Le donne che hanno un attacco cardiaco al di fuori di un ospedale hanno meno probabilità degli uomini di ricevere il massaggio cardiaco che potrebbe salvare loro la vita. Due recenti studi indipendenti, presentati al Meeting annuale dell’American Heart Association in corso a Chicago, hanno provato a verificare questa tendenza e a spiegarne il perché. Gli studiosi hanno scoperto che spesso i passanti che potrebbero praticare la rianimazione cardiopolmonare temono che le compressioni possano essere considerate “contatti inappropriati” e portare a una denuncia da parte della vittima rianimata.
Nel primo dei due studi, i ricercatori della University of Colorado School of Medicine di Denver hanno condotto un sondaggio online in cui hanno chiesto a 54 persone di spiegare perché, secondo loro, le donne non ricevono la rianimazione tanto quanto gli uomini. Gli studiosi hanno poi raccolto le risposte fornite in cinque categorie:
- paura di un contatto o esposizione inappropriati;
- paura di essere accusati di molestie;
- paura di fare del male alle vittime;
- scarso riconoscimento dell’arresto cardiaco dovuto ad alcuni preconcetti quali: le donne hanno meno probabilità di soffrire di disturbi cardiaci, le donne iperdrammatizzano le situazioni o fingono un attacco;
- paura che il seno renda il massaggio cardiaco più complicato.

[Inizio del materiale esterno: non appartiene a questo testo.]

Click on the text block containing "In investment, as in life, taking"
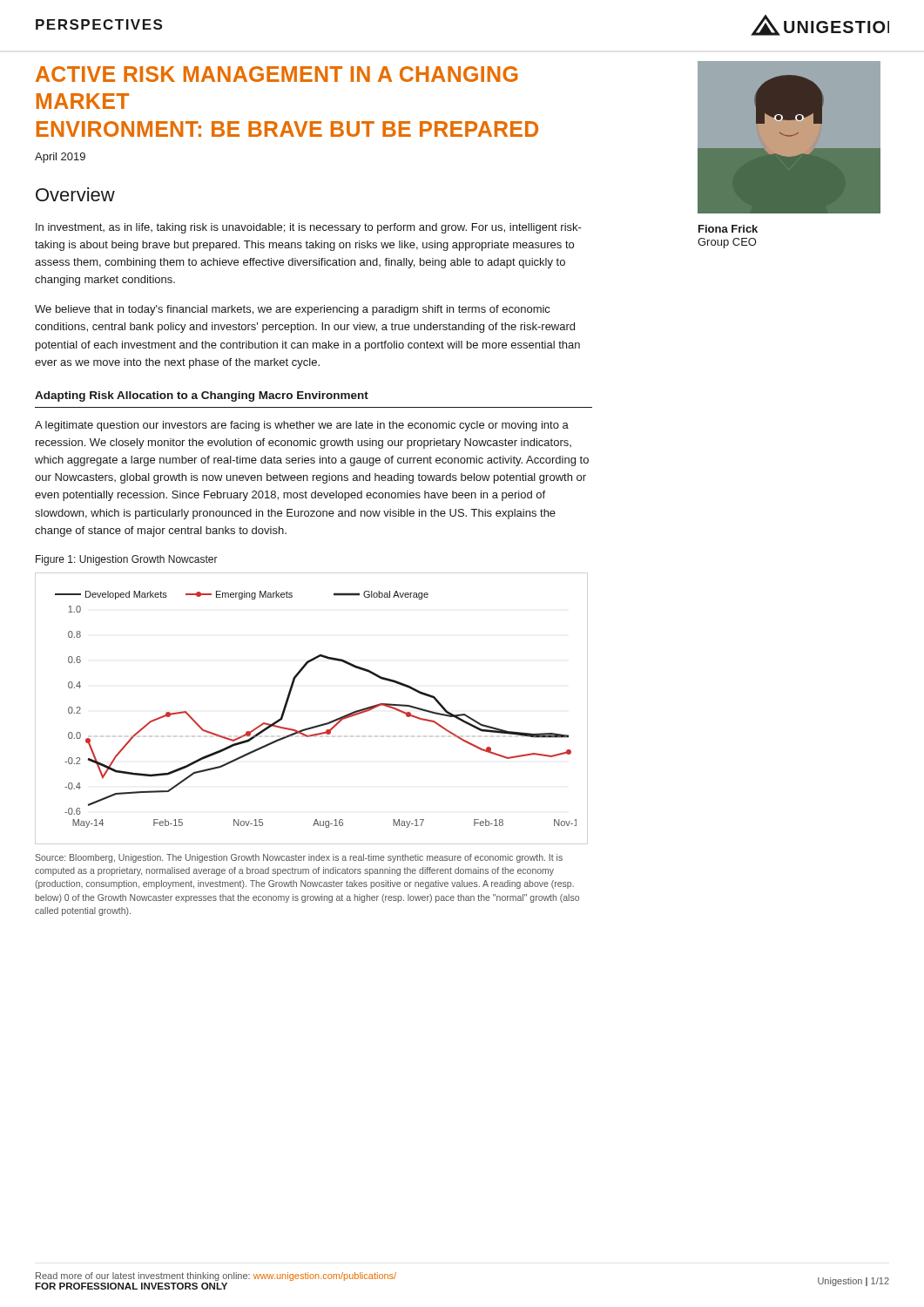point(308,253)

“Queste sono preoccupazioni reali che trattengono le persone dall’agire. È però importante chiarire che la rianimazione cardiopolmonare può salvare la vita e dovrebbe essere praticata su chiunque ne abbia bisogno a prescindere da genere o etnia”, ha sottolineato Sarah. M. Permand, autore principale dello studio. “Il massaggio cardiaco effettuato dagli astanti è correlato a una maggiore probabilità di sopravvivenza e di recupero neurologico – ha proseguito -, “la rianimazione si pratica allo stesso modo a prescindere dal genere della vittima”.
Il secondo studio, condotto dai ricercatori dello University of Pennsylvania’s Center for Resuscitation Science, ha invece messo alla prova 75 partecipanti attraverso la realtà virtuale. Gli studiosi hanno proiettato i volontari in un ambiente virtuale senza specificare cosa sarebbe successo ma chiedendo loro di agire come se stessero vivendo un’emergenza reale. Una volta calati nella situazione i partecipanti si sono trovati in una situazione in cui era necessario praticare un massaggio cardiaco o una rianimazione attraverso un defibrillatore, con il feedback dal team nell’ambiente reale.
I risultati del test hanno mostrato che i partecipanti hanno proceduto con la rianimazione meno spesso su vittime virtuali di sesso femminile che di sesso maschile. Tuttavia, secondo Marion Leary, autrice principale dello studio, servirebbe un test simile con un maggior numero di volontari coinvolti per poter confermare questa tendenza.
Caterina Visco
▼ APS.01.09. Two novel studies explore why women receive less CPR from bystanders. American Heart Association’s Scientific Sessions 2018.